O que eu acho é que, na expressão inolvidável do L: "são pessoas a serem pessoas". Pessoas em todo o seu esplendor e na plenitude das suas misérias, incluindo eu próprio, claro está.

 

Tento ou pelo menos gostaria de ser tal como me descrevo no meu blog de corrida:

 

"Corredor de montanha por paixão, cientista de formação, engenheiro por necessidade, amador da palavra escrita. As pessoas são o fenómeno mais intrigante do universo: contraditórias, vastas, profundas, capazes de conter tudo e o seu contrário. A vida é uma enorme, louca e bela aventura, que nos dá uma única oportunidade para trilhar o caminho. Há que aproveitar ao máximo."

 

E eu tenho tido o privilégio de privar com pessoas fantásticas. Em todas as equipas por onde tenho passado e por todas as equipas com quem tenho interagido. Pessoas fora de série a nível profissional mas também a nível pessoal. Que são capazes de dar do seu tempo para ajudar um colega, ou para solucionar o problema de um cliente.

 

Trabalhar nas operações é um trabalho muito desafiante, duro e pouco reconhecido. Se fosse mais reconhecido, ver-se-iam pessoas a mudar da engenharia para as operações e não o contrário.

 

Mas dá cá uma tarimba! Acho que deveria ser uma enorme mais valia no CV.

 

Neste relato existirão com certeza muitas imprecisões, nas data e nos acontecimentos.

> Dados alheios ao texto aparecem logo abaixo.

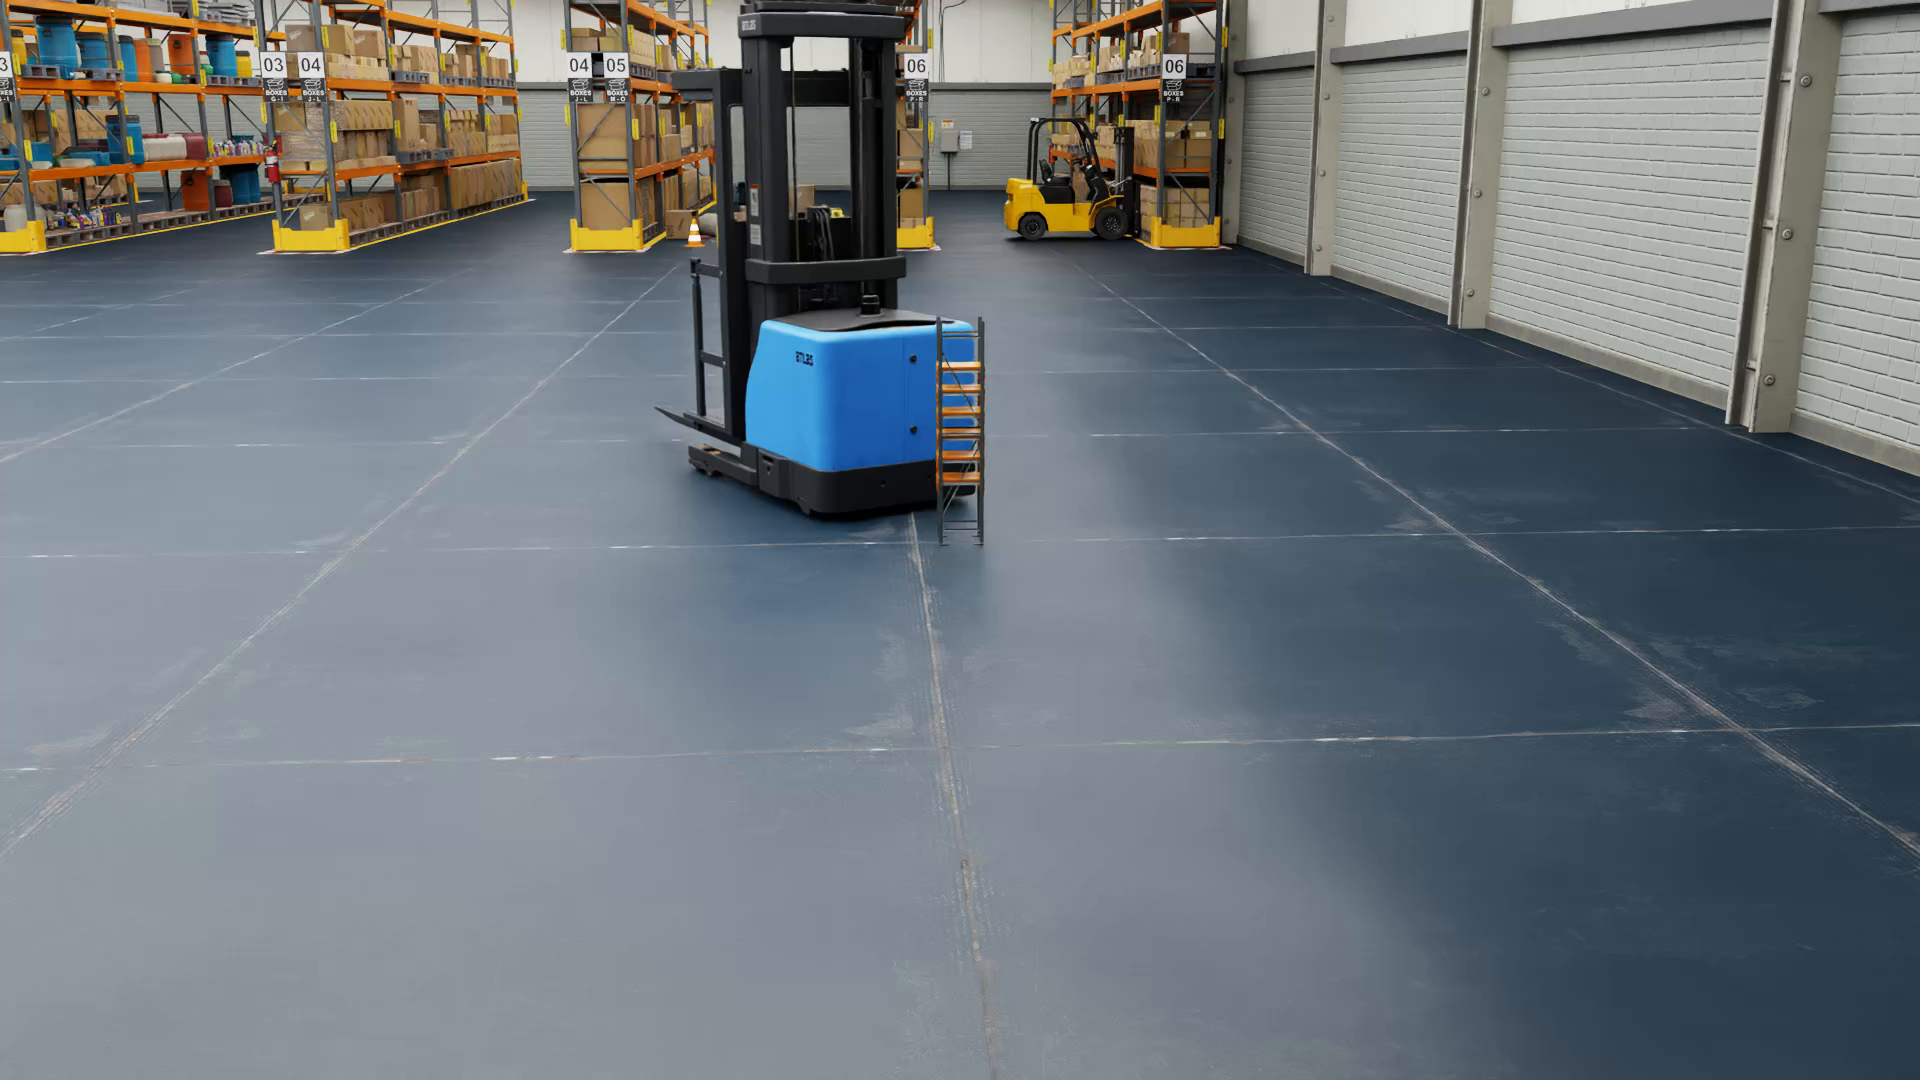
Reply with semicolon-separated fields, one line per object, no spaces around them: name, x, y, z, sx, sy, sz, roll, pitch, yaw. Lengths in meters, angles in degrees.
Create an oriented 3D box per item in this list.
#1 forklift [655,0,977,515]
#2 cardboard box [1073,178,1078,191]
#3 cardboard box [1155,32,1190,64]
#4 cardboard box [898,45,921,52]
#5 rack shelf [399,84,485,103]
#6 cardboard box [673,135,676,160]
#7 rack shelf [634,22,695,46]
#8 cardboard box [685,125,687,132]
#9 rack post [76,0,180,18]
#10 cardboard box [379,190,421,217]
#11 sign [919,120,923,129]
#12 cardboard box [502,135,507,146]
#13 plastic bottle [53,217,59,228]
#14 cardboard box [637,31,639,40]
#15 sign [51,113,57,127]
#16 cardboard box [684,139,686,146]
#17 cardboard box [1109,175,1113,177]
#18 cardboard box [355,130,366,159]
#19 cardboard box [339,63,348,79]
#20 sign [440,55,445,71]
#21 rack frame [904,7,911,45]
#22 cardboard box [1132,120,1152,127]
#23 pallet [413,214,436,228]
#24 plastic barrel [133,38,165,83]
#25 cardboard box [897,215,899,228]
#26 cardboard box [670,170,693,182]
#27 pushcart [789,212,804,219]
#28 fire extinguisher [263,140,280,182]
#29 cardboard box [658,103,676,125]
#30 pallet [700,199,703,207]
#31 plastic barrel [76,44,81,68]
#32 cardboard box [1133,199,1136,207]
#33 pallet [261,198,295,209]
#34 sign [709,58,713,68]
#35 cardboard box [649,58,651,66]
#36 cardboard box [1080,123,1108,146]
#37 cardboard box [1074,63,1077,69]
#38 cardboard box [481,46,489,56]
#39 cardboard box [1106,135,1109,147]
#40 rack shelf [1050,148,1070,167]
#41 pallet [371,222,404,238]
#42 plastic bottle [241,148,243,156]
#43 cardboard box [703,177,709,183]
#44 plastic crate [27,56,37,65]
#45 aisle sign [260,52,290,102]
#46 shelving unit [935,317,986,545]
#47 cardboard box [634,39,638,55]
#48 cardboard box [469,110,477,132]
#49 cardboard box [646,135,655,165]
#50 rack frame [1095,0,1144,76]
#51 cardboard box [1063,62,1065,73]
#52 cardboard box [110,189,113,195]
forklift;-1.100;-1.879;10.447;1.130;2.935;3.031;-9;17;-30
cardboard box;2.973;-8.426;39.927;0.500;0.500;0.500;0;14;-1
cardboard box;3.641;-8.431;28.512;0.500;0.500;0.500;0;14;-2
cardboard box;-0.861;-8.303;28.163;0.380;0.149;0.250;-1;14;-4
rack shelf;-11.553;-9.933;37.036;1.077;0.370;4.000;-1;14;-3
cardboard box;-6.116;-8.075;34.190;0.500;0.500;0.500;-1;14;-4
rack shelf;-6.596;-11.243;36.912;1.077;0.370;4.000;-1;14;-3
cardboard box;-6.441;-9.393;37.981;0.380;0.149;0.250;-1;14;-5
rack post;-16.333;-10.751;32.349;1.013;1.000;3.121;-1;14;-3
cardboard box;-11.244;-6.750;33.375;0.700;0.500;0.500;-2;15;-8
sign;-0.749;-7.919;32.047;0.100;0.325;0.005;-1;14;-3
cardboard box;-11.531;-9.894;41.163;0.500;0.250;0.500;-1;14;-3
plastic bottle;-16.321;-5.725;29.988;0.097;0.201;0.097;0;14;0
cardboard box;-5.742;-8.703;28.672;0.380;0.149;0.250;-1;14;-4
sign;-21.011;-9.744;38.555;0.100;0.325;0.005;-1;14;-3
cardboard box;-6.398;-8.973;37.543;0.380;0.149;0.250;-1;14;-5
cardboard box;3.621;-8.264;37.996;0.380;0.149;0.250;-1;14;-5
cardboard box;-11.098;-7.043;29.584;0.875;0.500;0.500;-1;14;-3
cardboard box;-10.743;-7.974;28.278;0.500;0.250;0.500;-1;14;-5
sign;-10.887;-10.042;34.979;0.100;0.325;0.005;-1;14;-3
rack frame;-1.538;-11.390;35.234;1.000;3.000;0.127;-1;14;-3
cardboard box;3.432;-7.797;31.212;0.380;0.149;0.250;-1;14;-2
pallet;-11.310;-6.484;33.802;1.003;0.211;1.213;-1;14;-3
plastic barrel;-16.538;-9.743;33.847;0.600;0.901;0.600;0;14;0
cardboard box;-0.887;-5.834;30.356;0.500;0.250;0.500;0;14;0
cardboard box;-6.356;-8.293;37.906;0.500;0.250;0.500;-2;15;-6
pushcart;-3.563;-6.172;32.257;1.648;0.377;0.936;-6;16;-23
fire extinguisher;-11.386;-6.269;27.525;0.296;0.674;0.183;-1;14;-3
cardboard box;-7.019;-10.167;39.717;0.500;0.500;0.500;-1;14;-5
pallet;-6.797;-8.194;40.448;1.003;0.211;1.213;-1;14;-3
plastic barrel;-16.294;-8.860;30.355;0.421;0.512;0.421;0;14;0
cardboard box;3.469;-6.180;30.697;0.500;0.250;0.500;-1;14;-4
pallet;-16.705;-8.081;40.012;1.003;0.211;1.213;-1;14;-3
sign;-6.413;-12.257;42.849;0.100;0.325;0.005;-1;14;-3
cardboard box;-5.834;-8.695;30.240;0.380;0.149;0.250;-1;14;-3
cardboard box;3.130;-9.218;37.784;0.797;0.503;0.637;-1;14;-5
cardboard box;2.852;-11.010;38.641;0.380;0.149;0.250;-1;14;-4
cardboard box;-11.810;-11.934;40.622;0.500;0.250;0.500;-1;14;-5
cardboard box;3.301;-8.236;34.312;0.500;0.250;0.500;-1;14;-3
rack shelf;3.044;-9.706;42.172;1.077;0.370;4.000;-1;14;-3
pallet;-11.104;-5.820;31.221;1.003;0.211;1.213;-1;14;-3
plastic bottle;-16.162;-8.725;37.314;0.097;0.201;0.097;0;14;0
cardboard box;-6.556;-9.098;42.052;0.380;0.149;0.250;0;14;-1
plastic crate;-16.296;-8.180;28.810;0.392;0.384;0.575;-1;14;-3
aisle sign;-11.229;-7.581;27.252;0.394;0.787;0.004;-1;14;-3
shelving unit;0.001;-0.577;8.863;0.258;1.200;0.189;-1;14;-3
cardboard box;-5.783;-8.419;28.370;0.500;0.250;0.500;-1;14;-4
cardboard box;-11.629;-9.702;38.499;0.797;0.503;0.637;-1;14;-5
cardboard box;-6.133;-7.233;30.816;0.875;0.550;0.550;-1;14;-3
rack frame;3.416;-11.467;35.535;1.000;3.000;0.127;-1;14;-3
cardboard box;2.833;-11.697;41.149;0.500;0.250;0.500;-1;14;-2
cardboard box;-21.597;-8.776;41.919;0.380;0.166;0.250;-1;14;-3

A memória tem filtros muito seletivos, e na verdade não é de todo uma tela em que os eventos passados são projetados tal como sucederam. É antes uma tela onde recriamos o passado com base em todas as experiências que tivemos desde então. Daí que para duas pessoas diferentes, mesmo o passado comum é sempre algo distinto. Mas, dito isto, há sempre muitos elementos que unem.